Well, this is the difficulty in interpreting your response here: your phrase "absolute nothing" is ambiguous. It could mean, "It is not the case that in our universe, a state of pure nothingness obtains." In that case, it's too obvious to be said.
It could also mean, "There's a condition called 'absolutely nothing,' a state which cannot exist." In that case, it's incoherent, unable to keep faith with its own terms. For "nothingness" is not a state at all, and hence there is no coherence to the argument (it contradicts itself by calling "nothing" both a state and a thing which cannot exist), and the claim provides us with no reason to suppose that the lack of a state is impossible...or even less probable than the alternatives.
In fact, the burden to explain lies entirely on the side of a person who thinks that we DO have a state of "things," and yet there need be no explanation for it. That would be absurd.

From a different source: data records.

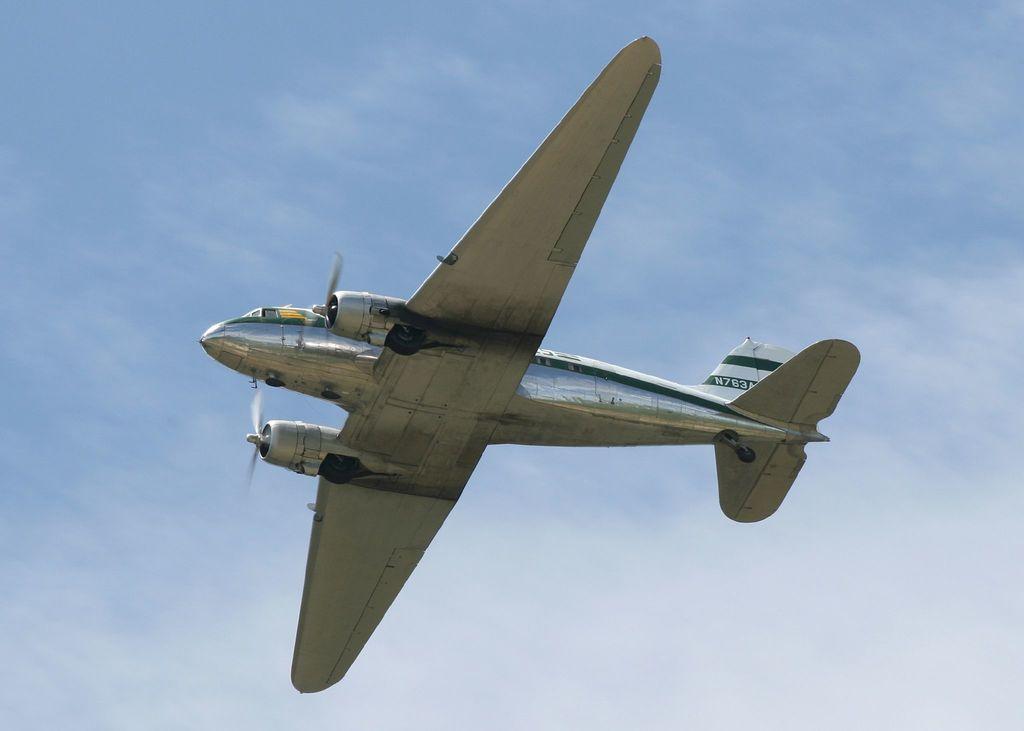Describe this image in one or two sentences. In this image I can see in the middle an aeroplane is flying in the sky. 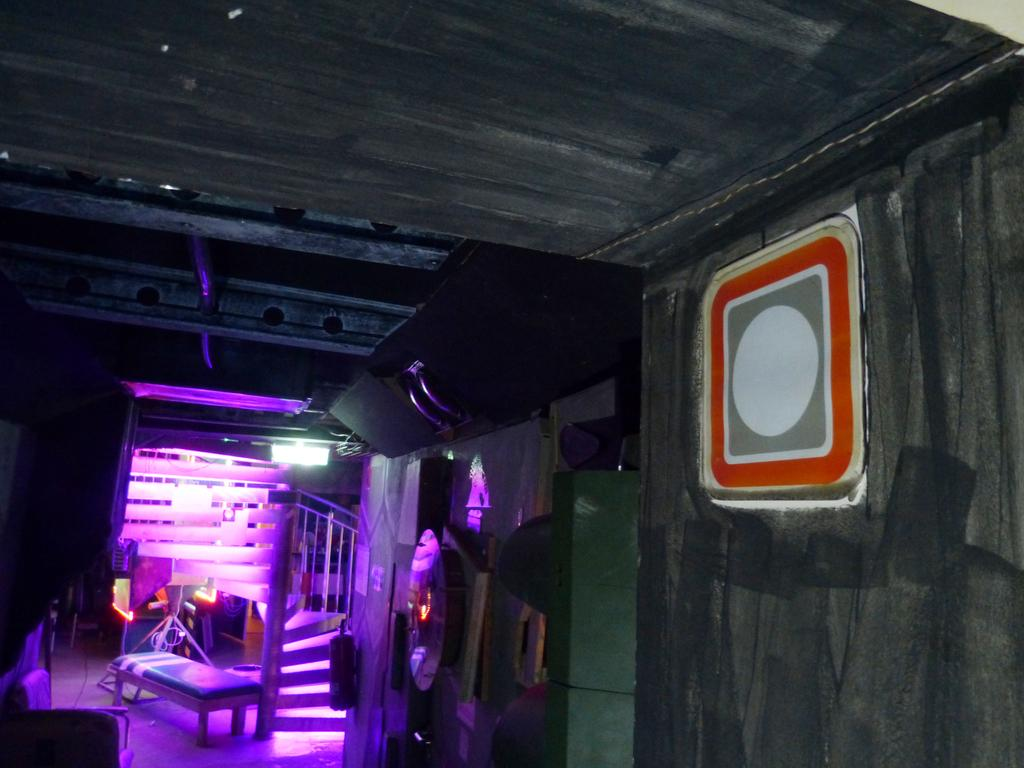What type of furniture is on the floor in the image? There is a bench on the floor in the image. What can be seen illuminating the area in the image? There are lights visible in the image. What material is used for some of the objects in the image? There are wooden objects in the image. Can you describe any other objects present in the image? There are other objects present in the image, but their specific details are not mentioned in the provided facts. What color is the hair on the bench in the image? There is no hair present on the bench or in the image. 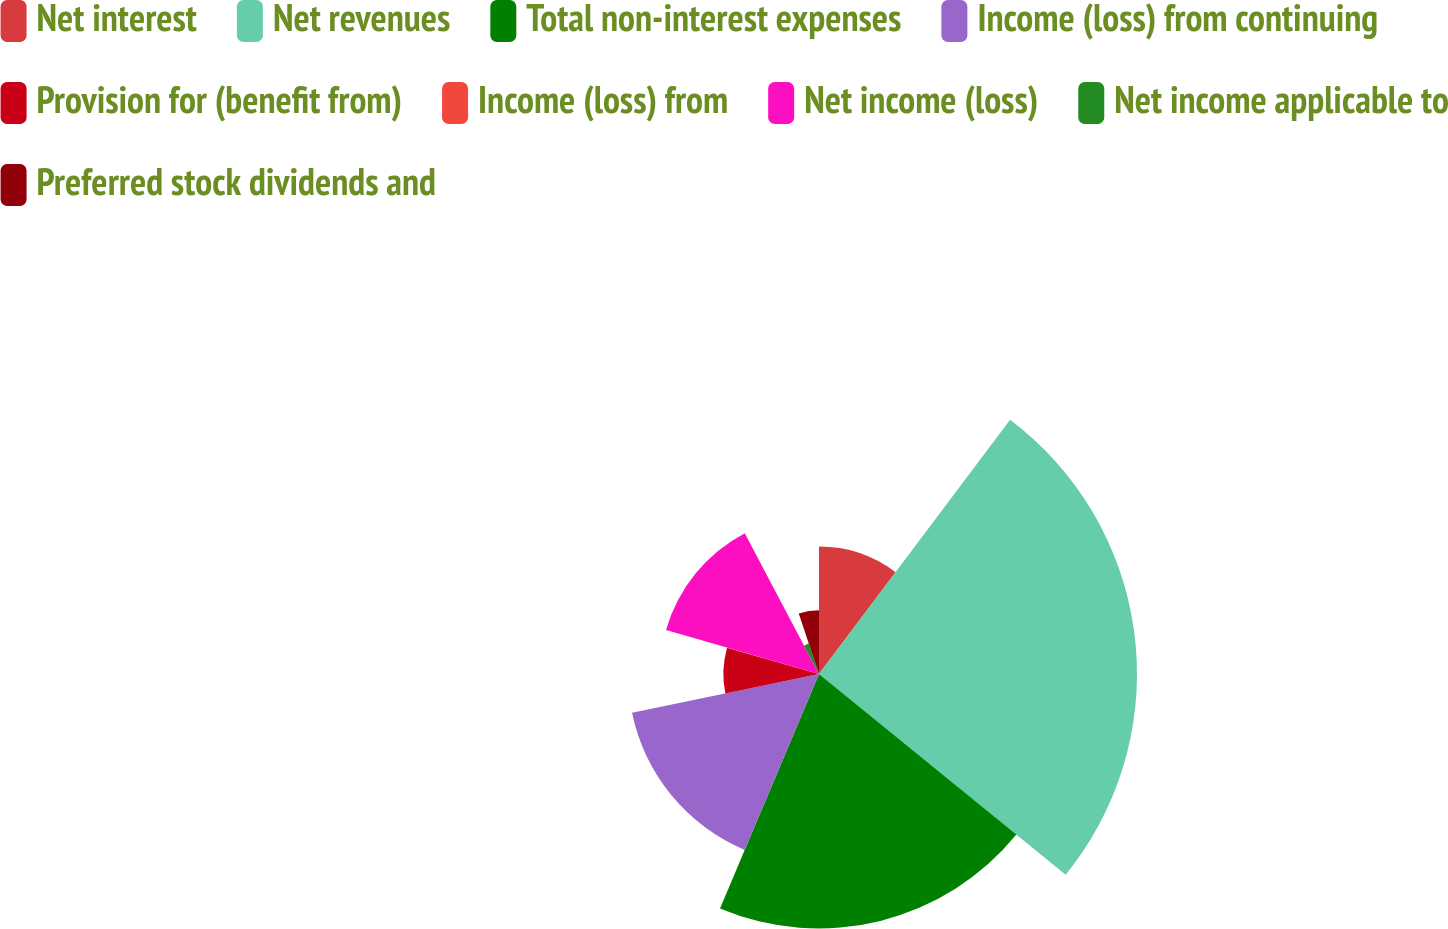Convert chart. <chart><loc_0><loc_0><loc_500><loc_500><pie_chart><fcel>Net interest<fcel>Net revenues<fcel>Total non-interest expenses<fcel>Income (loss) from continuing<fcel>Provision for (benefit from)<fcel>Income (loss) from<fcel>Net income (loss)<fcel>Net income applicable to<fcel>Preferred stock dividends and<nl><fcel>10.26%<fcel>25.61%<fcel>20.49%<fcel>15.38%<fcel>7.7%<fcel>0.02%<fcel>12.82%<fcel>2.58%<fcel>5.14%<nl></chart>

There have to be "things" for them to be in a "state." If there were no-things, they would not be in any state, would they? But "nothing" is the negation of all states. It's no-things, and hence, no-states at all.
Re: Are Actual Infinities Possible?
Immanuel Can wrote: ↑Tue Jul 03, 2018 2:48 amI don't mean the self. I don't mean it's everything. And I don't mean it's not a thing.
Everything is a misnomer and is merely the sum of its parts. It is the greater whole beyond that. It is the only thing that has no outside. There isn't even absolutely nothing beyond it. It does have an inside though, where all other things reside. All other things are purely relative and have both an outside and an inside.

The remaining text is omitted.